A Small Family-Owned Manufacturing Company

American Fittings was a $20 million, family-owned manufacturing company that produced products for the energy industry. For many years, the majority of its products were patent-protected, which enabled the company to establish prices that guaranteed profit levels far above those of similar firms in the industry. As those patents began to expire, however, profits began to fall to levels management felt were unacceptable. 

 

To reverse the downward trend, the company’s management took two steps: It began adopting lean principles in manufacturing and developed a descriptive and predictive, causality-based cost model. The development of a new cost model was deemed necessary because the direct labor-based cost model that had been in use indicated that–contrary to management’s intuition and lean thinking’s precepts–most of the lean initiatives being considered were counterproductive. 

 

Armed with a cost model that clearly reflected causality, the company moved forward with its lean program and totally reengineered its manufacturing process.
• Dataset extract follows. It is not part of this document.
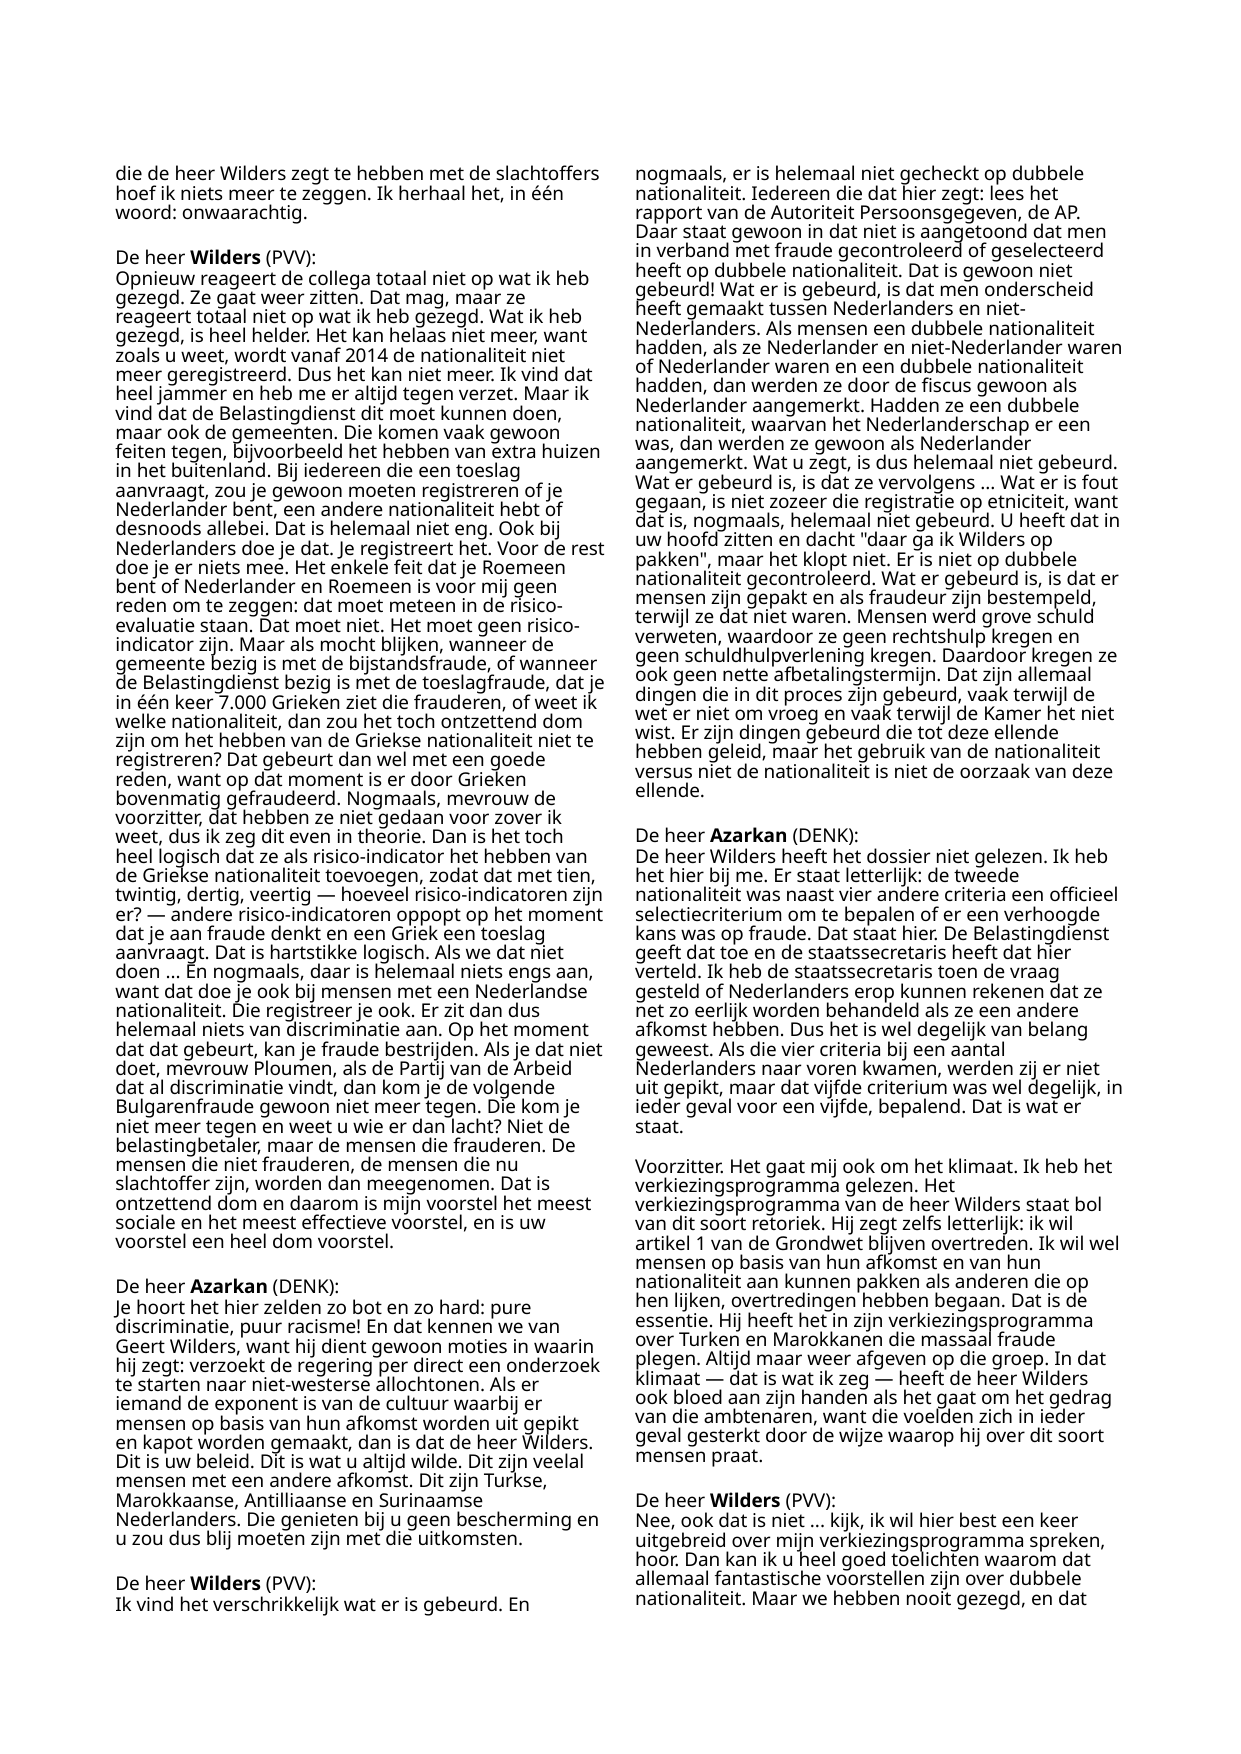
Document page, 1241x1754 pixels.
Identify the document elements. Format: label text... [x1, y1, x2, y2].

The model’s predictive ability accurately measured the impact each lean initiative would have on cost as well as the overall cost impact of the package of lean initiatives under consideration. In several cases, the model highlighted the cost savings that would be realized by bringing low-volume outsourced processes in-house–moves that management had always assumed to be uneconomical due to low volumes. 

 

The model’s descriptive ability enabled the company to accurately measure the cost of each of its products as well as the cost of serving individual customers. Armed with this information, the company was able to identify its “profit zones”–product categories where market prices provided the greatest margins–and identify customer behavior characteristics that ate into those margins.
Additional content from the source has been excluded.